Già domenica l’Ucraina lo aveva seccamente respinto ed oggi ha convocato il nunzio apostolico Visvaldas Kulbokas al ministero degli Esteri per esprimergli “delusione” per le parole del Pontefice. “La resa non significa pace, dobbiamo continuare a sostenere l’Ucraina”, ha affermato da parte sua il segretario generale dell’Alleanza, Jens Stoltenberg, mentre a Washington un portavoce del Consiglio per la sicurezza nazionale ha detto che il presidente Joe Biden “ha grande rispetto per Francesco e si unisce a lui nelle preghiere per la pace”.

Ma “sfortunatamente – ha aggiunto – continuiamo a non vedere alcun segno che Mosca voglia mettere fine a questa guerra e per questo siamo impegnati a sostenere Kiev nella sua difesa contro l’aggressione russa”. Anche il cancelliere tedesco Olaf Scholz non ha fatto mistero di essere in disaccordo con Francesco (“la posizione della Germania è molto chiara, Kiev ha il diritto di difendersi e può contare sul nostro sostegno”) mentre Mosca ha scelto di mantenersi cauta. La posizione del Papa è “abbastanza comprensibile”, ha commentato il Cremlino, tornando ad addossare all’Ucraina la colpa dei mancati negoziati.

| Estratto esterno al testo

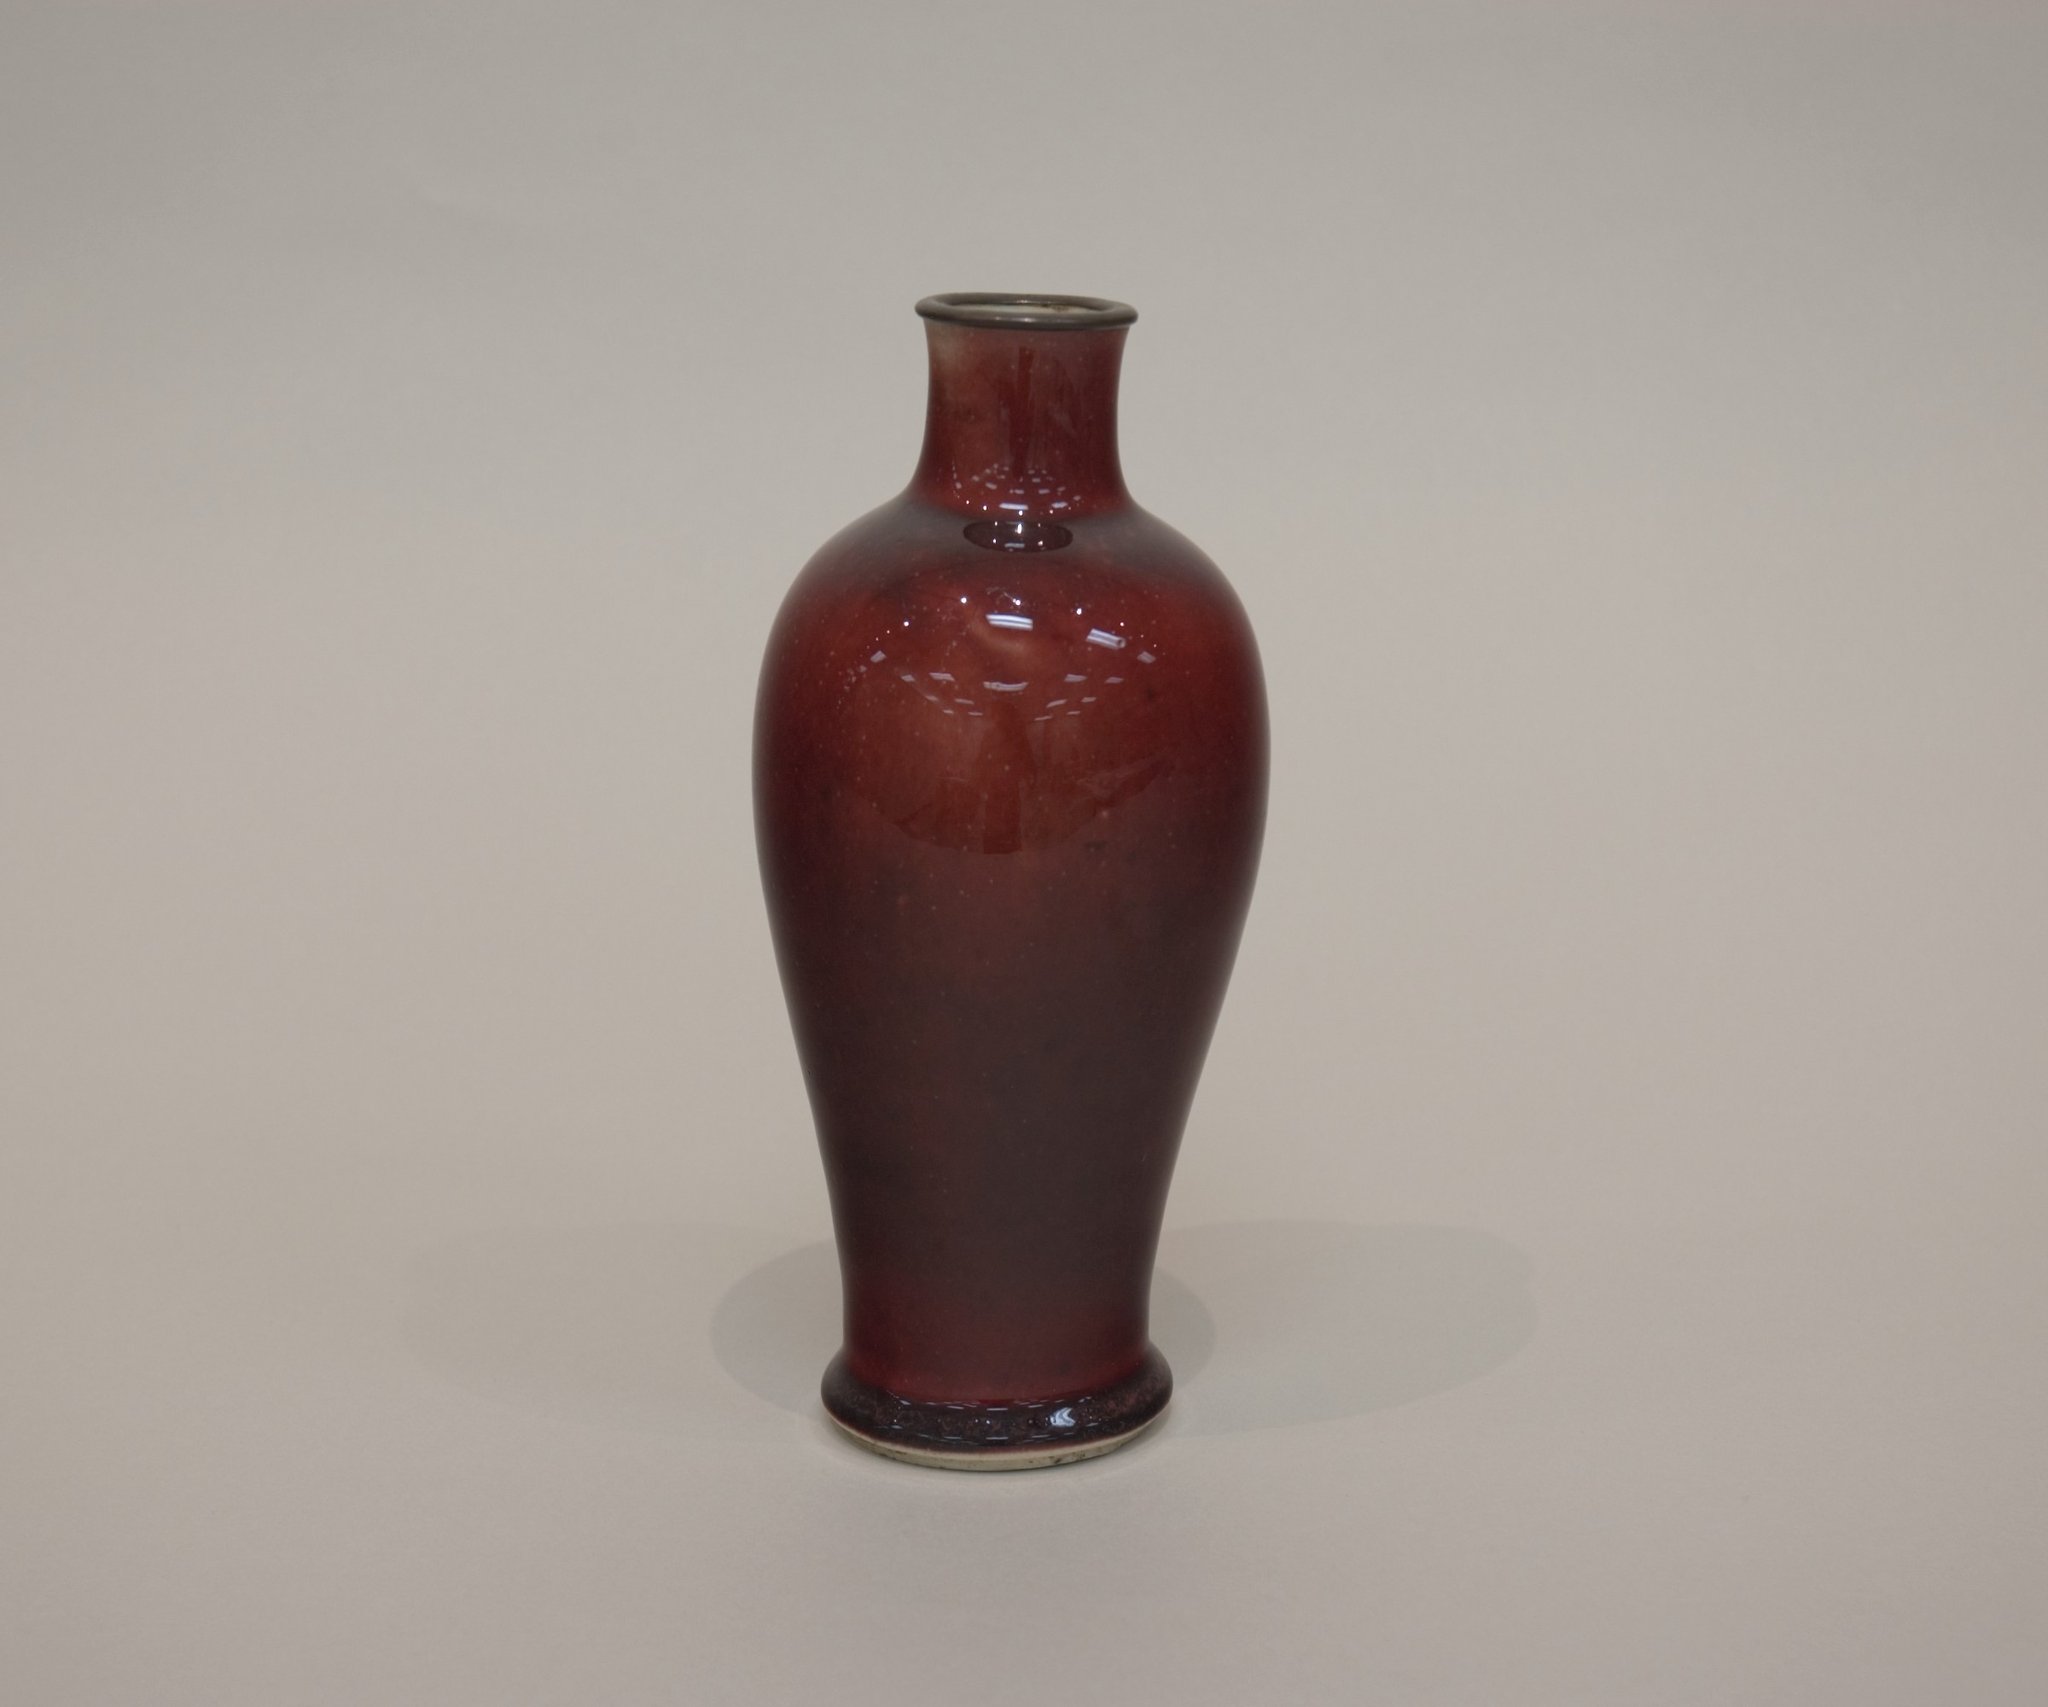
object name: vase
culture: chinese
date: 1667-1733
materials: copper, glaze, porcelain

Il cardinale Pietro Parolin invece ha chiarito le parole di Bergoglio, sottolineando che il primo passo debba essere fatto dalla Russia. “L’appello del Pontefice è che si creino le condizioni per una soluzione diplomatica alla ricerca di una pace giusta e duratura – ha detto il segretario di Stato della Santa Sede in un’intervista al Corriere della Sera – in tal senso è ovvio che la creazione di tali condizioni non spetta solo ad una delle parti, bensì ad entrambe, e la prima condizione mi pare sia proprio quella di mettere fine all’aggressione”. Il ministro polacco Sikorski invece non ha precisato quali siano i Paesi di provenienza dei militari Nato già presenti in Ucraina, né quali siano le loro funzioni. Se cioè si tratti di truppe schierate in battaglia o, come ipotizzato da diversi esperti, di consiglieri e tecnici che affiancano gli ucraini per l’utilizzo delle armi sofisticate fornite dai Paesi dell’Alleanza a Kiev. Ma per un’ipotesi di questo genere sembra propendere la portavoce russa.

“Dietro a tutto – ha affermato Zakharova in un’intervista al quotidiano Izvestia – ci sono Washington e Londra, che tra le altre cose hanno reclutato i Paesi della Nato e della Ue per una guerra ibrida contro il nostro Paese. E questa guerra è condotta direttamente sotto la guida di istruttori di forze speciali, esperti e specialisti dei rispettivi dipartimenti militari di Paesi Nato. E’ impossibile nasconderlo ancora”.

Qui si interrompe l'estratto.